Abstract:Surgical reconstruction of dynamic tissues from endoscopic videos is a crucial technology in robot-assisted surgery. The development of Neural Radiance Fields (NeRFs) has greatly advanced deformable tissue reconstruction, achieving high-quality results from video and image sequences. However, reconstructing deformable endoscopic scenes remains challenging due to aliasing and artifacts caused by tissue movement, which can significantly degrade visualization quality. The introduction of 3D Gaussian Splatting (3DGS) has improved reconstruction efficiency by enabling a faster rendering pipeline. Nevertheless, existing 3DGS methods often prioritize rendering speed while neglecting these critical issues. To address these challenges, we propose SAGS, a self-adaptive alias-free Gaussian splatting framework.

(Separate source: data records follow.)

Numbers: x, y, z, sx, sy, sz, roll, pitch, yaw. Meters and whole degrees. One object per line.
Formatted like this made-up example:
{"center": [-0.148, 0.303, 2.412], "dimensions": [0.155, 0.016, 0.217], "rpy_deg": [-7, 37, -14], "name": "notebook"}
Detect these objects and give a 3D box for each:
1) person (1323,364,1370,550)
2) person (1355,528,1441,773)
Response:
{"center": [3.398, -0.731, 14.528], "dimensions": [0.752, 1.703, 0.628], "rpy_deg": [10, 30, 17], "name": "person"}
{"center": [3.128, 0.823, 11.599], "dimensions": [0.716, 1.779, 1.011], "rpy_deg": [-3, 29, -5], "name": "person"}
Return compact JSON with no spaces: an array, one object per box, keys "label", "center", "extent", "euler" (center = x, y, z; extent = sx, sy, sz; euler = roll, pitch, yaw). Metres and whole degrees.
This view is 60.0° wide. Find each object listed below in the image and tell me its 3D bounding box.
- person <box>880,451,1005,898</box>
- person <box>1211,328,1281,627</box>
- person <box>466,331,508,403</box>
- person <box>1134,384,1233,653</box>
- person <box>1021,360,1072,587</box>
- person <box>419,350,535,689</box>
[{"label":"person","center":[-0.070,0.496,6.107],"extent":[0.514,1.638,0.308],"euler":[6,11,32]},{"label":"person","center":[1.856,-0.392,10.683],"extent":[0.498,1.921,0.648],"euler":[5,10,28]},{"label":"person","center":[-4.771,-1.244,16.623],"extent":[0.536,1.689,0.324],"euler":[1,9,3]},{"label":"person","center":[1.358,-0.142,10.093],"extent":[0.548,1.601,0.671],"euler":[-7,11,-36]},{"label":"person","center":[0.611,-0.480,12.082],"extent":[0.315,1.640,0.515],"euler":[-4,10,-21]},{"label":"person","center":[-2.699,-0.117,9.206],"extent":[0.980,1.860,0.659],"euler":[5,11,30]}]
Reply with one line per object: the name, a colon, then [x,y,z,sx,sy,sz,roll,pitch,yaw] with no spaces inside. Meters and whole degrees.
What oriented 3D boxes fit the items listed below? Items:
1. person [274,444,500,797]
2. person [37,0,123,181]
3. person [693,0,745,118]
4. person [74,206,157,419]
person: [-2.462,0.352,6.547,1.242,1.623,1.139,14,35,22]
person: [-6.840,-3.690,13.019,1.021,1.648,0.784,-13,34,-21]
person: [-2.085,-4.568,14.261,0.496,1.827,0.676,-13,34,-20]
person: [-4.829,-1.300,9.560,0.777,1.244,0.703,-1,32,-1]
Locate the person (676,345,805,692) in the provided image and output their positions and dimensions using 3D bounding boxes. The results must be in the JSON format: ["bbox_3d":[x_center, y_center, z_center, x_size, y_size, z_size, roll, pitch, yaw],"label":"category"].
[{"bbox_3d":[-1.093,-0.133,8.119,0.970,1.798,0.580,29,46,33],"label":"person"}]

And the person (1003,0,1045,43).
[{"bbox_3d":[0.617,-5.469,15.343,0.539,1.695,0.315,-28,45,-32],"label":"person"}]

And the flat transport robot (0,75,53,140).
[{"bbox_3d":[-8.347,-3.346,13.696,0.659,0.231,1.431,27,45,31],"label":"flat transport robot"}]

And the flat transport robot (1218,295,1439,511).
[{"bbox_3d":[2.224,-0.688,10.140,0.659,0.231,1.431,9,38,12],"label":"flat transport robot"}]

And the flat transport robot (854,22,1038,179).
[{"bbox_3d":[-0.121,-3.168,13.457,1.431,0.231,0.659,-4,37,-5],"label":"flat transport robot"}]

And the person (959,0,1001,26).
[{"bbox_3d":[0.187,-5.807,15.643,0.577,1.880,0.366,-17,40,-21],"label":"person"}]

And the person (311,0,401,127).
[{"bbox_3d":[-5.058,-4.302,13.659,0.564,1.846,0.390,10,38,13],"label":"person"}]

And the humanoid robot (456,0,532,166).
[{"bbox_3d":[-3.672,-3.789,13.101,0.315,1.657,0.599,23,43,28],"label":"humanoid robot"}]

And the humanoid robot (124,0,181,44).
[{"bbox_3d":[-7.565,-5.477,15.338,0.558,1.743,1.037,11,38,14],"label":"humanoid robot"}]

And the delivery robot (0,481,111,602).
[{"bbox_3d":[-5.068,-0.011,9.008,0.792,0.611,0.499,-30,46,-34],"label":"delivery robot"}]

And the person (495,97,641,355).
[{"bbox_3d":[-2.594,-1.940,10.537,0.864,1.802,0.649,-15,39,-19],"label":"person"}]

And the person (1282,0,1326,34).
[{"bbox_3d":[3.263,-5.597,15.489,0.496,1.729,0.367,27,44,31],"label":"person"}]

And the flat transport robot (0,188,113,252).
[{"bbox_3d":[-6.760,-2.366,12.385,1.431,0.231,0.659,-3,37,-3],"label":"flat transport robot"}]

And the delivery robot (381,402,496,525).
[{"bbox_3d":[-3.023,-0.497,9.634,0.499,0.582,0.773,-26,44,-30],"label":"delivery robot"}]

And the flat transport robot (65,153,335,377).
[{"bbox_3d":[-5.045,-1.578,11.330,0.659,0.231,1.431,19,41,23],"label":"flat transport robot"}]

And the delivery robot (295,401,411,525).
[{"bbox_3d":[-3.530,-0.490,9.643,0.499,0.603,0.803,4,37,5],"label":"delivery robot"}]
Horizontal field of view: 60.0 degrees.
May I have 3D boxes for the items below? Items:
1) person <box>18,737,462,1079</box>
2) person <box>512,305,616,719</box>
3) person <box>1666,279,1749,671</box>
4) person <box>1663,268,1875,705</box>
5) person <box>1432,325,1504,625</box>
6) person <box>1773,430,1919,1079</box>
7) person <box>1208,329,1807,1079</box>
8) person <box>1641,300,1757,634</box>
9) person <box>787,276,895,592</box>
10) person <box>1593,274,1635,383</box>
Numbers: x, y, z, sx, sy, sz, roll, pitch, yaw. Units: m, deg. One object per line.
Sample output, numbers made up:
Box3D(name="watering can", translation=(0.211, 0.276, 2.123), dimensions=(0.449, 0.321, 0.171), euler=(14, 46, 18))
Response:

We introduce an attention-driven, dynamically weighted 4D deformation decoder, leveraging 3D smoothing filters and 2D Mip filters to mitigate artifacts in deformable tissue reconstruction and better capture the fine details of tissue movement. Experimental results on two public benchmarks, EndoNeRF and SCARED, demonstrate that our method achieves superior performance in all metrics of PSNR, SSIM, and LPIPS compared to the state of the art while also delivering better visualization quality.